Task details – Scan the entries and copy each line where the word "across" is present.

** Opening Supplied material block **

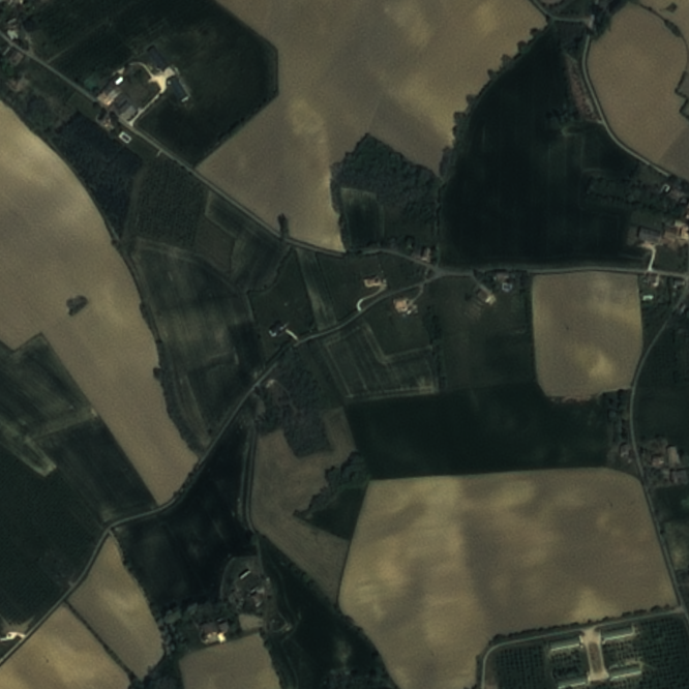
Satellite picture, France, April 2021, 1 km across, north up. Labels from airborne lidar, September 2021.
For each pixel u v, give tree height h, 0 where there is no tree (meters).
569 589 0
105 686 0
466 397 0
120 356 0
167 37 0
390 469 0
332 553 0
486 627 0
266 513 0
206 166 0
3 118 0
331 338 0
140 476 0
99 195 7
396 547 0
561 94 0
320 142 0
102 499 0
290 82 0
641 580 0
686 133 0
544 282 0
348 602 0
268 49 0
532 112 0
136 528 0
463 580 0
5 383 0
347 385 0
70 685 0
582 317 0
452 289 0
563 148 0
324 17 0
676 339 7
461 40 0
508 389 0
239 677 0
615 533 0
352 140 0
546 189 0
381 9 0
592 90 0
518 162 0
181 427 18
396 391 0
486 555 0
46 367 0
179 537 0
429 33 0
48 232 0
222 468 0
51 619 0
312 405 11
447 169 16
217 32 0
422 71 0
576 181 0
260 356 0
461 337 0
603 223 0
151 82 0
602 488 0
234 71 0
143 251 0
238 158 0
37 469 0
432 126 0
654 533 0
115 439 0
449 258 0
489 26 0
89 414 0
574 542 0
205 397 0
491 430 0
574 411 0
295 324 0
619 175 0
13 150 0
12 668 0
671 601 0
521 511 0
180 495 8
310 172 0
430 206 7
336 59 0
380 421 0
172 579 0
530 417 0
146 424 0
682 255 10
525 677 6
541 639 0
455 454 0
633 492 0
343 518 0
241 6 0
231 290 0
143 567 0
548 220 0
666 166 0
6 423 0
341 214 9
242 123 7
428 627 0
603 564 0
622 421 9
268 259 0
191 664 0
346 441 0
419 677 0
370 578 0
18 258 0
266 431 14
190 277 0
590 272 0
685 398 0
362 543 0
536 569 0
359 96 0
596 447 0
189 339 0
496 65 0
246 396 0
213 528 0
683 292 10
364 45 0
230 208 0
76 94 0
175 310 0
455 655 0
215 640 0
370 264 0
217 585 0
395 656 0
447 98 0
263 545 0
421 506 0
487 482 0
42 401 0
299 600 0
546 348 0
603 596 0
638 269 0
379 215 0
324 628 0
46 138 12
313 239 0
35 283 0
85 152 13
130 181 11
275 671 10
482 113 0
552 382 0
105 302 0
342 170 13
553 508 0
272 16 0
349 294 0
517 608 0
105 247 0
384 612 0
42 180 0
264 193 0
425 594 0
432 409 0
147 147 0
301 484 0
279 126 0
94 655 0
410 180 17
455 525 0
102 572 0
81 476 0
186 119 0
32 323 0
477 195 0
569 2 11
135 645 0
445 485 0
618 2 9
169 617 19
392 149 6
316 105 0
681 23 0
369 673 0
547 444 0
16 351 0
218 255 0
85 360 0
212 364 0
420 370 0
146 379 0
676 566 0
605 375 0
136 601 0
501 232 0
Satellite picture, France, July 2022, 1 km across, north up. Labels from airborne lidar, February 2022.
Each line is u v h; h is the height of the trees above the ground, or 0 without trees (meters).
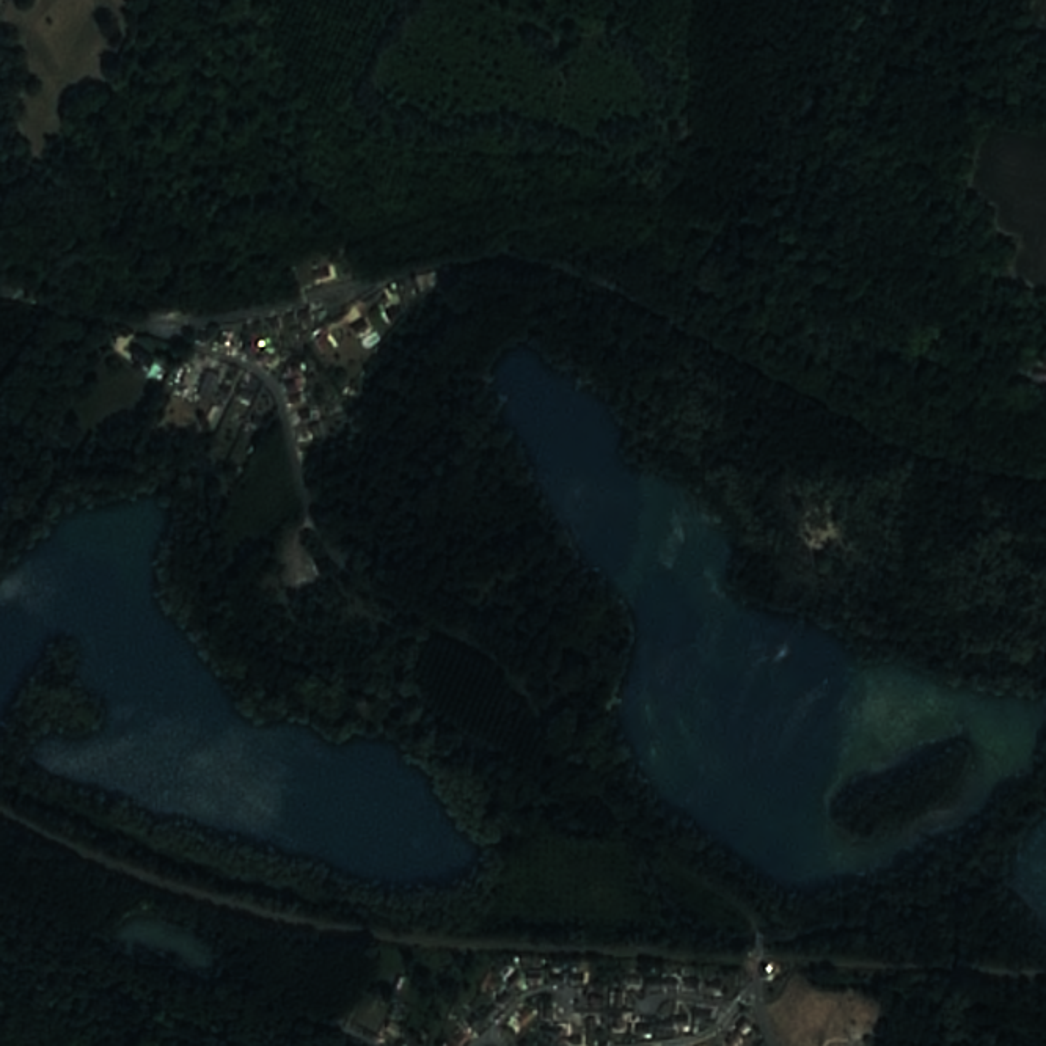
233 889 23
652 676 0
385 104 19
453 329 34
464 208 16
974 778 0
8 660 0
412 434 18
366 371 8
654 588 0
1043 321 6
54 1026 21
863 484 15
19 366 25
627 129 19
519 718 20
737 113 19
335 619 21
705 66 14
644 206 18
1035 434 23
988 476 12
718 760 0
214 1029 28
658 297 22
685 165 15
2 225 28
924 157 8
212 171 17
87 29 0
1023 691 14
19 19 0
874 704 0
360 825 0
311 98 11
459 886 25
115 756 0
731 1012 0
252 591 11
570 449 0
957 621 16
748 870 23
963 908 28
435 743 25
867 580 10
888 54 14
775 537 20
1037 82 20
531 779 24
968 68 22
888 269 21
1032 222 0
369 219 9
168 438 20
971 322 9
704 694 0
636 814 26
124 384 0
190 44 19
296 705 17
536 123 10
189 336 13
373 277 16
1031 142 0
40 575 0
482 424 30
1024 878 0
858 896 22
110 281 29
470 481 36
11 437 13
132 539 0
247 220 19
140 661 0
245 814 0
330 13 5
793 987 0
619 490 0
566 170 10
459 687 20
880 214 21
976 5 14
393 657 8
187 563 17
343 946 24
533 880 0
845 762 0
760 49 23
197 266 17
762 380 22
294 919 0
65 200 22
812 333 26
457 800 22
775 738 0
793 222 27
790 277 18
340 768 0
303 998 22
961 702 0
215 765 0
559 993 0
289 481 0
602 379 19
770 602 13
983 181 0
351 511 24
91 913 21
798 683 0
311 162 19
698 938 20
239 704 16
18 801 21
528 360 0
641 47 19
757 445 14
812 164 20
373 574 25
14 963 23
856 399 21
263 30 20
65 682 25
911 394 26
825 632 0
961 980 27
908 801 20
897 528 20
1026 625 25

** Closing Supplied material block **

Solved problem –
Satellite picture, France, April 2021, 1 km across, north up. Labels from airborne lidar, September 2021.
Satellite picture, France, July 2022, 1 km across, north up. Labels from airborne lidar, February 2022.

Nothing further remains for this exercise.